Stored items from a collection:
___

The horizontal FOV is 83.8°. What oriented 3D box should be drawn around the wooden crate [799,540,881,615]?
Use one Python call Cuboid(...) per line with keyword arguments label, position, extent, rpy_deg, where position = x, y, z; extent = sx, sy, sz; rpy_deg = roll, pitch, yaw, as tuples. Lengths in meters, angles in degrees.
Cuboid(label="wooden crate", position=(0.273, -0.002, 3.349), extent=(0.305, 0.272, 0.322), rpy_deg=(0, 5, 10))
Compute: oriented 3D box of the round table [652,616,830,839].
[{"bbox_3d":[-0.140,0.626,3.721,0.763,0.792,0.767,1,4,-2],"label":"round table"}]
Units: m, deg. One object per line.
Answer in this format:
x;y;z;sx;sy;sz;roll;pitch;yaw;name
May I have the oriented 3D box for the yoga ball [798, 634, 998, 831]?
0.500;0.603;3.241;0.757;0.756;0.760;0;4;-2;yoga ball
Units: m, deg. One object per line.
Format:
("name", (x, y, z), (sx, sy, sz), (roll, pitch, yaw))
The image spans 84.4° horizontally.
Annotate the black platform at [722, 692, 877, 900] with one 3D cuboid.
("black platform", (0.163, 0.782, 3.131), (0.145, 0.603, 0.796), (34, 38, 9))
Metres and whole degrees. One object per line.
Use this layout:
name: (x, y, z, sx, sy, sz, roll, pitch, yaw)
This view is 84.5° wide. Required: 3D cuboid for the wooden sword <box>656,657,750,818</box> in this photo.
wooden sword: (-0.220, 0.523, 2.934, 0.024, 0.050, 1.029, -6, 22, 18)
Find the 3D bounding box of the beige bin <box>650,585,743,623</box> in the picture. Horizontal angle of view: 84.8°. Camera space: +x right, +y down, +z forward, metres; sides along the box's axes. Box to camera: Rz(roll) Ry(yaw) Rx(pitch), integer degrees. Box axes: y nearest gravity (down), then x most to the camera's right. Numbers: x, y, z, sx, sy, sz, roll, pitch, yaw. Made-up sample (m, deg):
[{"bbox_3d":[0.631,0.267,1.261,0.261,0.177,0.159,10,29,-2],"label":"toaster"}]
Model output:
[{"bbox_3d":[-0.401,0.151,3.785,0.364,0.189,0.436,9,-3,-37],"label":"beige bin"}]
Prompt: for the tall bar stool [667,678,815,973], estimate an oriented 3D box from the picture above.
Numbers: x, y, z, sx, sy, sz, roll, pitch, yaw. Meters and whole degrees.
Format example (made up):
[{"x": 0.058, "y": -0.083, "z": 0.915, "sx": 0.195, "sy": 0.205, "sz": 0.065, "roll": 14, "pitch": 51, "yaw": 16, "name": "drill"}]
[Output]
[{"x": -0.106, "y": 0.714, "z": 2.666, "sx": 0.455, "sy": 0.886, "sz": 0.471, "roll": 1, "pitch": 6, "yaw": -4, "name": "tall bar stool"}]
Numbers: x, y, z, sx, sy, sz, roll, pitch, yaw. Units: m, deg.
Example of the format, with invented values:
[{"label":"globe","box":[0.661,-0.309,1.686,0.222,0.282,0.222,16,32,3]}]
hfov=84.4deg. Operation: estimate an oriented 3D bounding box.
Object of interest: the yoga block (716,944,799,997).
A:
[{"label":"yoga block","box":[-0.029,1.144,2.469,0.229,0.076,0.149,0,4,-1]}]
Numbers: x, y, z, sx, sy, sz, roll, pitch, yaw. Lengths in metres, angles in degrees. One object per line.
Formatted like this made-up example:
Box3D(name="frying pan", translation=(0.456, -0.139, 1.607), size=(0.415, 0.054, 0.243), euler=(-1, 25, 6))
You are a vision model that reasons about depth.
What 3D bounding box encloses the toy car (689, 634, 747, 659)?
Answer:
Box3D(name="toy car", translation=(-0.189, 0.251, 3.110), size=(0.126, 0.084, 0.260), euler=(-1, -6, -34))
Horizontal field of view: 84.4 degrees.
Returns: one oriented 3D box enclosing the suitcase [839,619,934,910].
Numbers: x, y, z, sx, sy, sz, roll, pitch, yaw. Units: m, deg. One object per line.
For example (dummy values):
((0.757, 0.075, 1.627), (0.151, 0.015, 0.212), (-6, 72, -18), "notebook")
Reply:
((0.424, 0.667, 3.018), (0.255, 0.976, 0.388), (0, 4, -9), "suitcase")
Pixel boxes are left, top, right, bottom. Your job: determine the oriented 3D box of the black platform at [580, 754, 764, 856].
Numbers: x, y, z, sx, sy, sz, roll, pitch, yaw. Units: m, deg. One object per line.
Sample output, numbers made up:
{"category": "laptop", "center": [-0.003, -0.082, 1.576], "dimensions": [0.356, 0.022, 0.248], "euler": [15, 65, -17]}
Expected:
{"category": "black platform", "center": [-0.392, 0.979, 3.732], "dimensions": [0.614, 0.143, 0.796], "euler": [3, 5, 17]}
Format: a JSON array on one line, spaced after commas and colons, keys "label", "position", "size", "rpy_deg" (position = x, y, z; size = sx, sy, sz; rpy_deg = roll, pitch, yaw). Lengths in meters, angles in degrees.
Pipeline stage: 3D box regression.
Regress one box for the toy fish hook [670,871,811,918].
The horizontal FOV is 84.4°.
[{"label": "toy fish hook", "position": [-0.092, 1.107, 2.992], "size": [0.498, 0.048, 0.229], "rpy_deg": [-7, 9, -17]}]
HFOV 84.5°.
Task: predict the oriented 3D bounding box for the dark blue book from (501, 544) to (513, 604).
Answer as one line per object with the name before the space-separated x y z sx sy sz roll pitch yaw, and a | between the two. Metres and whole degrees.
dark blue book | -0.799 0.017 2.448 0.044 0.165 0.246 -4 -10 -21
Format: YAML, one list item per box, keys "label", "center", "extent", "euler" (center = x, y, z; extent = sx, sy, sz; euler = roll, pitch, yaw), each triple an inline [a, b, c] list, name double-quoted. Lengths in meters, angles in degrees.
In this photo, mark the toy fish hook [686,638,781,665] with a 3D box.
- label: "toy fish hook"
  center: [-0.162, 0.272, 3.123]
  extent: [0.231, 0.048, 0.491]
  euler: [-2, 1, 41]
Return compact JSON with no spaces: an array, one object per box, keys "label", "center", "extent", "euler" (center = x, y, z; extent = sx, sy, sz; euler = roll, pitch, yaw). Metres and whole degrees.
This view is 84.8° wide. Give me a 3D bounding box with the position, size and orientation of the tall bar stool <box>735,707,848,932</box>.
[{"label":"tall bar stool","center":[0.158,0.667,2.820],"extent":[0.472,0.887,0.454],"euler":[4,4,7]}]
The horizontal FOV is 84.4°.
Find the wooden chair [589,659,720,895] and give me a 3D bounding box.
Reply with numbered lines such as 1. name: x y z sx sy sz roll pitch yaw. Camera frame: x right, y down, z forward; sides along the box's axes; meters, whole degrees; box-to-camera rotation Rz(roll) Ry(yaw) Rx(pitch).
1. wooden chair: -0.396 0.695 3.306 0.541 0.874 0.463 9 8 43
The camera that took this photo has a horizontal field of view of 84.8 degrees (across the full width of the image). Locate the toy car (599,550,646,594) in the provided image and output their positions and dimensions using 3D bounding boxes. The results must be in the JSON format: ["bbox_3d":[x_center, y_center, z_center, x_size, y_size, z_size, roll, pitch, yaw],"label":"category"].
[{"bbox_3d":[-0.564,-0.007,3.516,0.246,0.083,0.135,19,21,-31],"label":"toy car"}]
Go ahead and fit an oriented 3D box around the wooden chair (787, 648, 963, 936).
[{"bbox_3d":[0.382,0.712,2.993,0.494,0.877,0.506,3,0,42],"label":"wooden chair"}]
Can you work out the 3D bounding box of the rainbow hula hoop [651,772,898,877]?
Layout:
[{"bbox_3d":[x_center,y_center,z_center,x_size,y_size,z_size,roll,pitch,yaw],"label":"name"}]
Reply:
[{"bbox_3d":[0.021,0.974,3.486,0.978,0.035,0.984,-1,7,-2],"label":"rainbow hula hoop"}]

___

Exercise: Please reproduce exactly the lines from the first one of the records above through the line containing "The image spans 84.4° horizontally.", both included, and nothing else.

Task response:
The horizontal FOV is 83.8°. What oriented 3D box should be drawn around the wooden crate [799,540,881,615]?
Use one Python call Cuboid(...) per line with keyword arguments label, position, extent, rpy_deg, where position = x, y, z; extent = sx, sy, sz; rpy_deg = roll, pitch, yaw, as tuples. Lengths in meters, angles in degrees.
Cuboid(label="wooden crate", position=(0.273, -0.002, 3.349), extent=(0.305, 0.272, 0.322), rpy_deg=(0, 5, 10))
Compute: oriented 3D box of the round table [652,616,830,839].
[{"bbox_3d":[-0.140,0.626,3.721,0.763,0.792,0.767,1,4,-2],"label":"round table"}]
Units: m, deg. One object per line.
Answer in this format:
x;y;z;sx;sy;sz;roll;pitch;yaw;name
May I have the oriented 3D box for the yoga ball [798, 634, 998, 831]?
0.500;0.603;3.241;0.757;0.756;0.760;0;4;-2;yoga ball
Units: m, deg. One object per line.
Format:
("name", (x, y, z), (sx, sy, sz), (roll, pitch, yaw))
The image spans 84.4° horizontally.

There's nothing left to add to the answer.